Barone's book is very informative and a pleasure to read. Don't try to make more of it than what it is which is sufficient in and of itself.

Rating: 5 stars
Summary: Brilliant
Review: Every American who wants to understand the hope for our future and the destructive attitudes and policies of our elites toward integration and assimilation needs to read this book. Everyone who wants to understand the difference between Bosnia, Kosovo, Rwanda and America should read this book.

This is a breathtaking tour of how American weaves a pattern of achievement and opportunity and how various ethnic groups have responded and are responding to it.

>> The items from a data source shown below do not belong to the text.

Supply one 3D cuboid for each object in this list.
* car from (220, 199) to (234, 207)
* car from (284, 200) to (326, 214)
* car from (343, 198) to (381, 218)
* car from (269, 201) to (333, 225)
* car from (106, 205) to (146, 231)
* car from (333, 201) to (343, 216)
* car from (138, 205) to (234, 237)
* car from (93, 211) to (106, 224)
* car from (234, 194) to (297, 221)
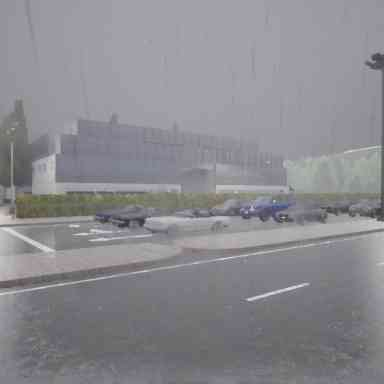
[{"bbox_3d":[3.879,1.352,29.643,4.553,1.767,2.097,0,0,-36],"label":"car"},{"bbox_3d":[12.189,1.601,35.710,4.718,1.301,1.895,0,0,-36],"label":"car"},{"bbox_3d":[16.046,1.352,29.859,4.553,1.767,2.097,0,0,-36],"label":"car"},{"bbox_3d":[7.854,1.564,23.880,4.181,1.385,1.994,0,0,-36],"label":"car"},{"bbox_3d":[-2.589,1.601,20.673,4.718,1.301,1.895,0,0,-36],"label":"car"},{"bbox_3d":[14.565,1.601,33.111,4.718,1.301,1.895,0,0,-36],"label":"car"},{"bbox_3d":[-0.224,1.601,18.065,4.718,1.301,1.895,0,0,-36],"label":"car"},{"bbox_3d":[-4.481,1.601,23.615,4.718,1.301,1.895,0,0,-36],"label":"car"},{"bbox_3d":[6.405,1.222,27.154,5.566,2.045,2.150,0,0,-36],"label":"car"}]

The heart of Barone's thesis is that America has successfully integrated and assimilated people of different backgrounds, and that there are patterns to that assimilation that are working for 21st century new Americans just as they worked for the 19th and 20th century American immigrants. Barone asserts that the modern elite's attitude toward group identity, opposition to middle class society, and assertion of racial grievances actually retards the process of assimilation. He regards most bilingual education as a political spoils system for bilingual teachers, which actually hurts the very people it is designed to help. He notes that patterns of intermarriage and upward mobility in income and education are creating assimilative patterns even as university elites seek to divide young Americans by race and teach them to focus on historic grievances rather than future opportunities.

It is impossible in a short review to do justice to the brilliance of Barone's writing, the depth of his research, or the clarity of his examples. His parallels between Irish and African Americans, Italian and Latino immigrants and Jews and Asians are profound and extraordinarily thought provoking.

Rating: 4 stars
Summary: America for all...........
Review: There are mixed book reviews and I am aware of this. What I would like to write has to do with an important point Mr. Barone makes: America is an important country and we should acknowledge and respect this as Americans.

Yes, I am fully aware of the history of past discrimination, racism, inequality, and how these unfortunate factors have negatively impacted people. But, in order to move forward in transforming this nation to a greater level, we need to stop beliving in "victimology"; in believing that one is a victim. And this is not so simple and I also know that people are going to disagree and yes, disagreement is also important.

What I would like to say, respectfullly, is that we live in a great nation. We should move forward, as citizens of this great nation, strengthen our country, and believe in it.

There are many persons of different ethnic background, religious affiilations, race, language, social economic status, and belief system who have made much progress in America. There are others who can also make progress in our great country. And, yes, it may at times feel like climbing a mountain or for that matter moving one, but we live in a great country. And we have made much progress; and we have more work to do. We should love this country, strengthen our nation, and move forward in progress.